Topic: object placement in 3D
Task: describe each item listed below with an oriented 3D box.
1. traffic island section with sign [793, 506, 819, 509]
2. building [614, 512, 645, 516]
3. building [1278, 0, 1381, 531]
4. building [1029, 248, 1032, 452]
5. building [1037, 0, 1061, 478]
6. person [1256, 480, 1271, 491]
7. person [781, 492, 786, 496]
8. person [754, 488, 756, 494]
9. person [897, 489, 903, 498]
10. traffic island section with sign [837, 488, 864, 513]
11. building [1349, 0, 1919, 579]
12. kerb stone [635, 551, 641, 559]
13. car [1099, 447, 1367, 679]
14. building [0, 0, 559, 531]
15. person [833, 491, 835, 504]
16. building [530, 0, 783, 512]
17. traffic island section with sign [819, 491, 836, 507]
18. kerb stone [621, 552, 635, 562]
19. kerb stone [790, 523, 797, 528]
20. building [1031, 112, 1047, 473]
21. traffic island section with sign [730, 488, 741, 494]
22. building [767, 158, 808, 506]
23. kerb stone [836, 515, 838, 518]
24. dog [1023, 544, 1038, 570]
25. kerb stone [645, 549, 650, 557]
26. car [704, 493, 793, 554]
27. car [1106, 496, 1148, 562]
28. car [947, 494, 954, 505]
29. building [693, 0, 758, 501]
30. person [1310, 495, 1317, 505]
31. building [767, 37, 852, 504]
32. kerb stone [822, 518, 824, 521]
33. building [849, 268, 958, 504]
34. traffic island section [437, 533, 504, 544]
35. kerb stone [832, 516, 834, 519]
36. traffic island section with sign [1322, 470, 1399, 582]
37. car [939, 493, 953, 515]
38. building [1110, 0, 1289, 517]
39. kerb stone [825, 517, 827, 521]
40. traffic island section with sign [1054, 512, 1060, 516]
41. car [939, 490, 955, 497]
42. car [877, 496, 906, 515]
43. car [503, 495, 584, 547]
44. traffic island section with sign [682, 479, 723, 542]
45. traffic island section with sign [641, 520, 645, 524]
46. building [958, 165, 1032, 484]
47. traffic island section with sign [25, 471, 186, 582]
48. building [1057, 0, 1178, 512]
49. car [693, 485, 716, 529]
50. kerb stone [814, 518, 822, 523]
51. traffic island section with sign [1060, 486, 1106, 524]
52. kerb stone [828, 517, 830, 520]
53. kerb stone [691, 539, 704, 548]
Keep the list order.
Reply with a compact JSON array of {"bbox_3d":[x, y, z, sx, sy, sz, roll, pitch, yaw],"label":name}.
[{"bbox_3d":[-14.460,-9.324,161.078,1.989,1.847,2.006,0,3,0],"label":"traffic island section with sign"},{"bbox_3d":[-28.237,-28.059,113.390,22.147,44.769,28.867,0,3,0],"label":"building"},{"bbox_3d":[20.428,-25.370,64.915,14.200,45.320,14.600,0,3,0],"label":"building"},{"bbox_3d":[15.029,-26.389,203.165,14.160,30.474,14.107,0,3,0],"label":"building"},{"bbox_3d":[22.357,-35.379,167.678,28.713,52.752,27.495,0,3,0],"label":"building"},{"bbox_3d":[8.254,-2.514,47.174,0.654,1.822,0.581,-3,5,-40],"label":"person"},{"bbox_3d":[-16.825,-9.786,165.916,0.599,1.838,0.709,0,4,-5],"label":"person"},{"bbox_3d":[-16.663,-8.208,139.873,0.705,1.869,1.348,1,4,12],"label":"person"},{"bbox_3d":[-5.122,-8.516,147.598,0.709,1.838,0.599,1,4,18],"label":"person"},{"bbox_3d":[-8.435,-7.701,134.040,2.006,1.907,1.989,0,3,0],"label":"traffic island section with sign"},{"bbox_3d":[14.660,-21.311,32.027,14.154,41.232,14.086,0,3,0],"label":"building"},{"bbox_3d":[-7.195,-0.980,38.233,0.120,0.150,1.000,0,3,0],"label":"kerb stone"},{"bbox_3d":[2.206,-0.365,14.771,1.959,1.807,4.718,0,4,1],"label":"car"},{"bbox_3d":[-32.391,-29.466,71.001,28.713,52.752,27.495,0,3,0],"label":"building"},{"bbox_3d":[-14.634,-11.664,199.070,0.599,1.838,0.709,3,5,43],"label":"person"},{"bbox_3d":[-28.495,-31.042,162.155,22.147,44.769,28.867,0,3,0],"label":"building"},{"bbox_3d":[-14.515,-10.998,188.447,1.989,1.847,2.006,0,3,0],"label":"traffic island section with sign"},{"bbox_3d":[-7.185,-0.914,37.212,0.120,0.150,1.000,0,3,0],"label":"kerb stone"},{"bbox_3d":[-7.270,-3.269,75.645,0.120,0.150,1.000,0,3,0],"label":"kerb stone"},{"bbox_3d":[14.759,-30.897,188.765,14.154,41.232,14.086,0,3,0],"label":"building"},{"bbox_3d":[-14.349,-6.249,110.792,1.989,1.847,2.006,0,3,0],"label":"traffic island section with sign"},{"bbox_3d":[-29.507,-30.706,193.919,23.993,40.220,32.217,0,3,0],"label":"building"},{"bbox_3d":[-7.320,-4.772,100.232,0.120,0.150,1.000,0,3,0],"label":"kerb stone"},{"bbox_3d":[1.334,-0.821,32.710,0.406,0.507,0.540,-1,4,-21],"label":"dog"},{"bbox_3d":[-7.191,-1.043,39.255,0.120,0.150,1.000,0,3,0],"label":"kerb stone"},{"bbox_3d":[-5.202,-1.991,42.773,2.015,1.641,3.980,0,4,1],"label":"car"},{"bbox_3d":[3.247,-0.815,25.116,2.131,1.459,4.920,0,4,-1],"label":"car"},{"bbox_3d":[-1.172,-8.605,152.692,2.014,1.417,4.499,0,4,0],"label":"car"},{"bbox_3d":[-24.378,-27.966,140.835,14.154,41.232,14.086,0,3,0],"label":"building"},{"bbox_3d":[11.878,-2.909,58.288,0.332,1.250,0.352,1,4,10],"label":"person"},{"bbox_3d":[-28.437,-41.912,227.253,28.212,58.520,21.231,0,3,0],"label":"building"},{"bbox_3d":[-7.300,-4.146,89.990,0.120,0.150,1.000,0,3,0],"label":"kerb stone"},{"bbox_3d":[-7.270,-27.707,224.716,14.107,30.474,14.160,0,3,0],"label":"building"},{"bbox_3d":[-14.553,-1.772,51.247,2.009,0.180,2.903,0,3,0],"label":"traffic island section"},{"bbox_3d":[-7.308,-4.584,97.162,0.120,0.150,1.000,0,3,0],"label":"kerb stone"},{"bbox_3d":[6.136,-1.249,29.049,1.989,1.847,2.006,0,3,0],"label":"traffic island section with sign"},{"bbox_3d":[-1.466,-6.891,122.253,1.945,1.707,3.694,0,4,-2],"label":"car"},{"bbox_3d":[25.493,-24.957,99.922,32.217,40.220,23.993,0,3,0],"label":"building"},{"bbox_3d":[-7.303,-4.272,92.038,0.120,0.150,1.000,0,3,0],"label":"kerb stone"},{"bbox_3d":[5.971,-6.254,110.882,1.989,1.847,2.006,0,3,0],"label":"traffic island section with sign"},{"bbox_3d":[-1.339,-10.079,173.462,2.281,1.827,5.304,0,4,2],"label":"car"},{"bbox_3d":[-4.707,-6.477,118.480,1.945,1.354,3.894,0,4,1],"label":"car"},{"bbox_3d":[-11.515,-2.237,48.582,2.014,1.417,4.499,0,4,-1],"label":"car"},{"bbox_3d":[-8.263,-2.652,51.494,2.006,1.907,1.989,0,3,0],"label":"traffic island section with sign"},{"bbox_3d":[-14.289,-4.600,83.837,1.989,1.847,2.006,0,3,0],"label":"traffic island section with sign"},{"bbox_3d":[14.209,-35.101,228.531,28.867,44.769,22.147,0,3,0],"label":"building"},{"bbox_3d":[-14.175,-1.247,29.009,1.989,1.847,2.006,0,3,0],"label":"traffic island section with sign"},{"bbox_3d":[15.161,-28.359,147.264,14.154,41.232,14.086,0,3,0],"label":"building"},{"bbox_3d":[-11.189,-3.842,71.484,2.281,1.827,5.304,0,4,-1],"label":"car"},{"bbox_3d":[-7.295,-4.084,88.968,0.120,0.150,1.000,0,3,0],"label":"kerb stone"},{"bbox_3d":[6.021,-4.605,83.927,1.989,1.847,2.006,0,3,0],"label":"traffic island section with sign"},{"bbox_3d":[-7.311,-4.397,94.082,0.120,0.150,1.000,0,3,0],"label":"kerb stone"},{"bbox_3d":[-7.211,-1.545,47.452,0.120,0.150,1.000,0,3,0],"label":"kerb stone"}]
————————
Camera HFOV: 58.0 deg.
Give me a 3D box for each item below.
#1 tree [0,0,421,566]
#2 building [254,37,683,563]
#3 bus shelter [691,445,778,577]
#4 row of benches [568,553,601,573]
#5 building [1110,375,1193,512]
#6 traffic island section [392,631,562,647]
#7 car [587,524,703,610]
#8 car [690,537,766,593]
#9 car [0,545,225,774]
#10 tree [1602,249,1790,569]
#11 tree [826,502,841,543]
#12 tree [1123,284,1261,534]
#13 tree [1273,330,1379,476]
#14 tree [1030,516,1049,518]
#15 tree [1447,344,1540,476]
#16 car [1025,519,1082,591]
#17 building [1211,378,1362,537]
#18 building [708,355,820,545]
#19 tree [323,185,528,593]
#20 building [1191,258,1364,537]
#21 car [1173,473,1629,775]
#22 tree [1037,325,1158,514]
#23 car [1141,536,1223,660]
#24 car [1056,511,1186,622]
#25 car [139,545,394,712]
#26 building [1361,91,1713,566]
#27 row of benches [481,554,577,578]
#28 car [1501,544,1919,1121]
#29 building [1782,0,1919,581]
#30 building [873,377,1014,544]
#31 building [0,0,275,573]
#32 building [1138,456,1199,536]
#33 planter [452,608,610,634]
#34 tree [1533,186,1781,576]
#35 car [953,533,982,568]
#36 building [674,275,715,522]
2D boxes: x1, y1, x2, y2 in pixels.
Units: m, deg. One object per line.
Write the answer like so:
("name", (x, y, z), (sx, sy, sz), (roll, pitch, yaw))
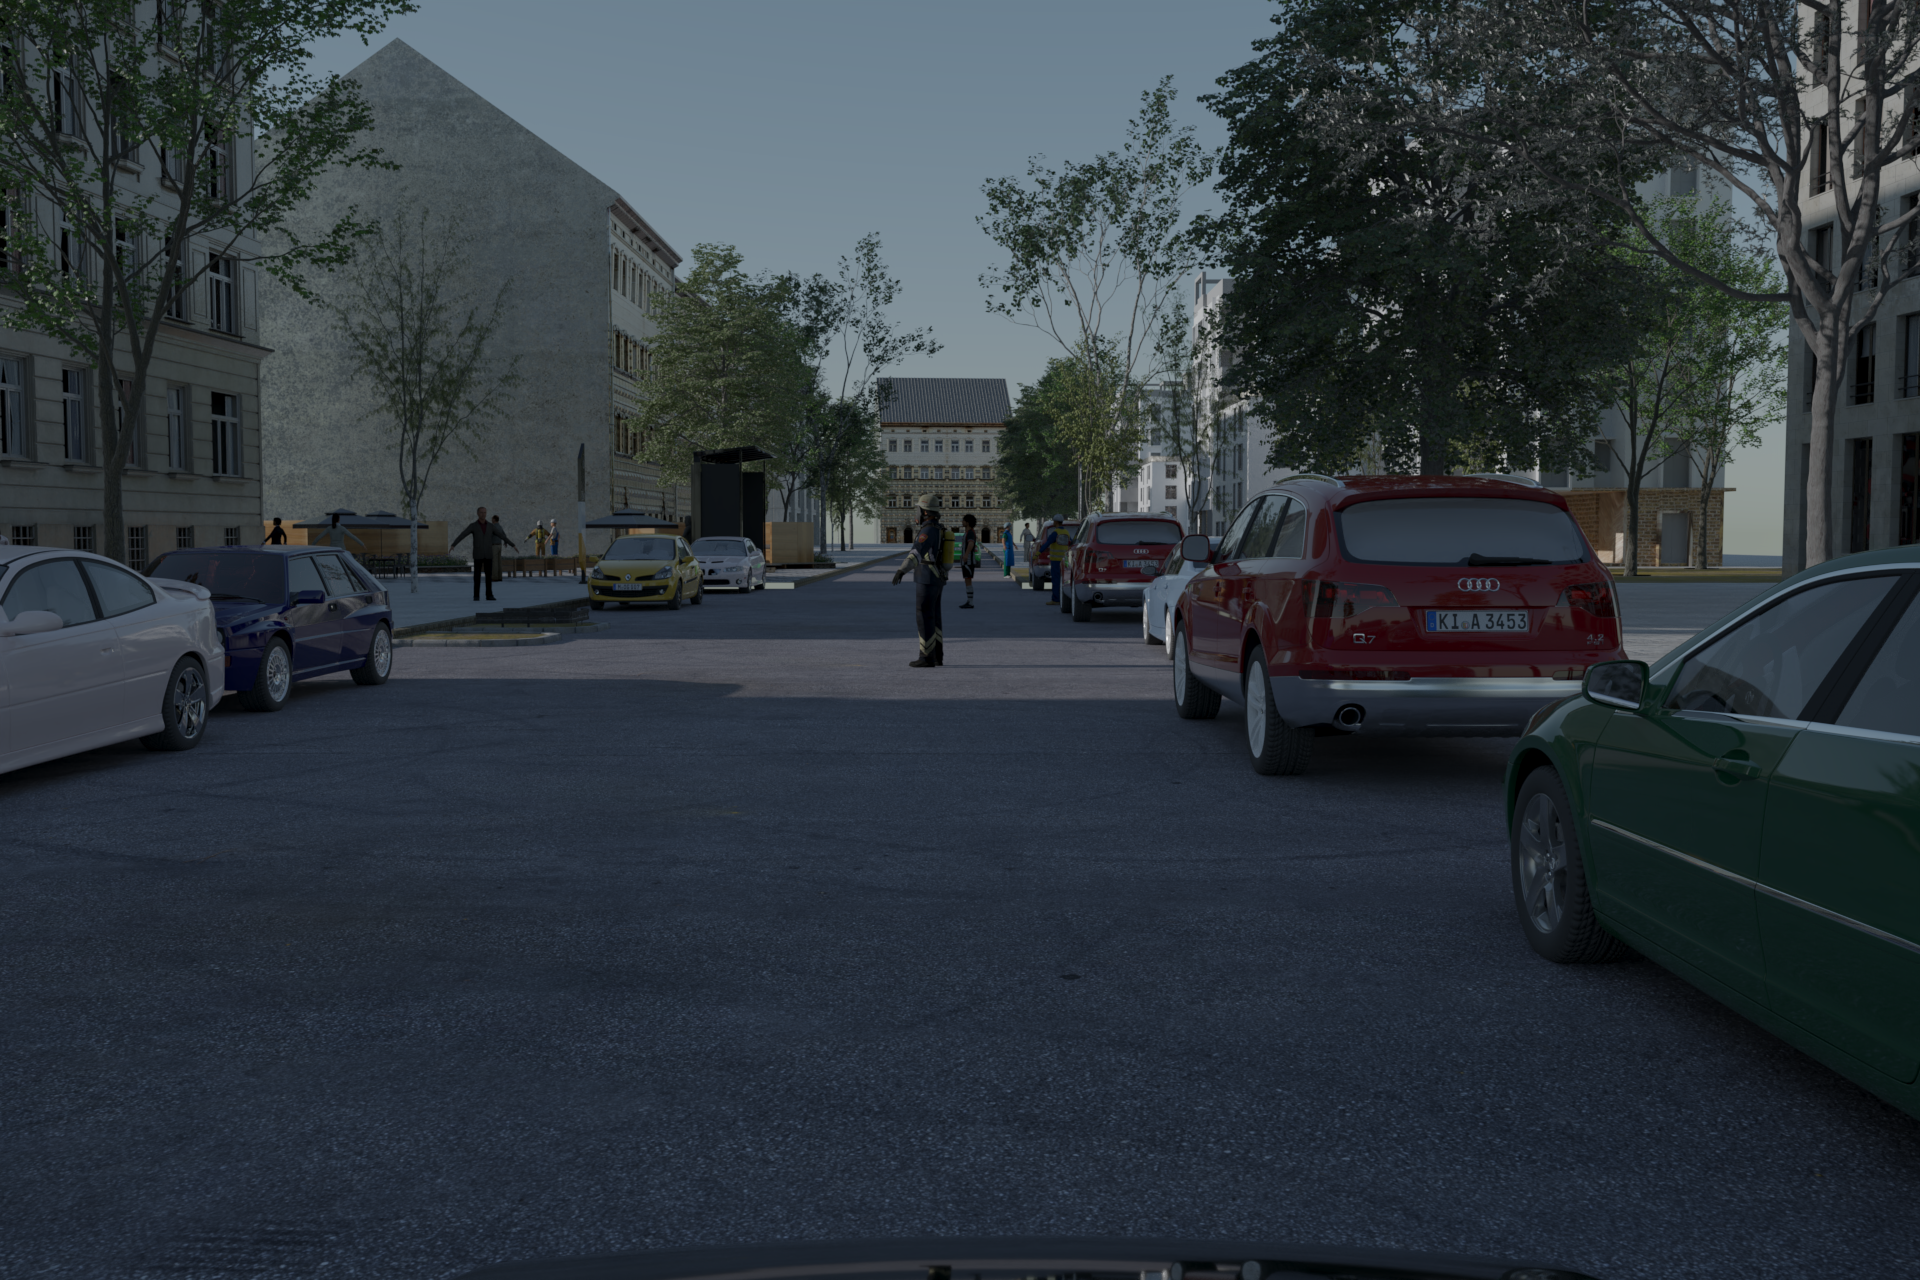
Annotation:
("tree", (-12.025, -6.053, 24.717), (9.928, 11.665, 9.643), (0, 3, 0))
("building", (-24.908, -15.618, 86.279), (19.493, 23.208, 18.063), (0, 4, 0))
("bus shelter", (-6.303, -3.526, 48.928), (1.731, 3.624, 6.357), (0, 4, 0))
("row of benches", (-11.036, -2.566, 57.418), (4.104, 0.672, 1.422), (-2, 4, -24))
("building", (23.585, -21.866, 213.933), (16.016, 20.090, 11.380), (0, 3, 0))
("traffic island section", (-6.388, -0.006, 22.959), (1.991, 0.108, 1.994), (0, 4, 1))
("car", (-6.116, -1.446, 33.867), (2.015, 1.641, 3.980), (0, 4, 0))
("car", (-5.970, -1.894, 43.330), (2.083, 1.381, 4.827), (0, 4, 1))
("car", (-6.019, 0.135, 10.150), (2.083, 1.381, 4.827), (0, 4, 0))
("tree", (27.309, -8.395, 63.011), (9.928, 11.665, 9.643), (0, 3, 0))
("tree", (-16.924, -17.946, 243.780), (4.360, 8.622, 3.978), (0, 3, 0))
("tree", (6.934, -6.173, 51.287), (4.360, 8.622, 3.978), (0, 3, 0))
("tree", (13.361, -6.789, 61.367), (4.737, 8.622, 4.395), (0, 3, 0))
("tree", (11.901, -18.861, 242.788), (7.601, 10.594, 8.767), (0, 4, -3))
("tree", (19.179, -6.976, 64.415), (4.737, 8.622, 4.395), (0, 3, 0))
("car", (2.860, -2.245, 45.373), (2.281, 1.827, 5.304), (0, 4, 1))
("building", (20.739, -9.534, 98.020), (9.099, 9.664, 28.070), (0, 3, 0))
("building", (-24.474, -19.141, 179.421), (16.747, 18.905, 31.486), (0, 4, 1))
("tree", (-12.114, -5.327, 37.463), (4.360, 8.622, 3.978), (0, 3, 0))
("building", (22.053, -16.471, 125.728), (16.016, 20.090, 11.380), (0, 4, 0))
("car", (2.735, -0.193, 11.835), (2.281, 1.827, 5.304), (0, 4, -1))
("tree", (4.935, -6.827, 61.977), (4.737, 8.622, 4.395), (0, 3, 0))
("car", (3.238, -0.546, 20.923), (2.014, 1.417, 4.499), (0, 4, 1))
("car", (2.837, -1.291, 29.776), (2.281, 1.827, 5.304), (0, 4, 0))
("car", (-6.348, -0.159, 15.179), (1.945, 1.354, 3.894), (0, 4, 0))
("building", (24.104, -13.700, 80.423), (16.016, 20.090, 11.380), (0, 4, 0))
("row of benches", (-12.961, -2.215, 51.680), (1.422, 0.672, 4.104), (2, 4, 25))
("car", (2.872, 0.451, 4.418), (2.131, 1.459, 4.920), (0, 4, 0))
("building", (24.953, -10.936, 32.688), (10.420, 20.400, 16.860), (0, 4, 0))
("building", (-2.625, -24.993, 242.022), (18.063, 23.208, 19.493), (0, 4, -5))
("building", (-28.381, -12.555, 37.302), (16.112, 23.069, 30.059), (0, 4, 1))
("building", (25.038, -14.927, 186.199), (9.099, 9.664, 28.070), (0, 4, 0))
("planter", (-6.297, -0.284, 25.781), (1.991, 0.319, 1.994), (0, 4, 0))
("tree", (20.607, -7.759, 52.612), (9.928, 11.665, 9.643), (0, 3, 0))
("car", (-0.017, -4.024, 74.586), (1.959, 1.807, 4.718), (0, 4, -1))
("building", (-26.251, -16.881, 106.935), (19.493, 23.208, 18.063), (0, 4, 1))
————————
■ **WHAT IS REQUIRED**
Note every line in the material with "each" and copy it.

■ **WORKED SOLUTION**
Task: describe each item listed below with an oriented 3D box.
Give me a 3D box for each item below.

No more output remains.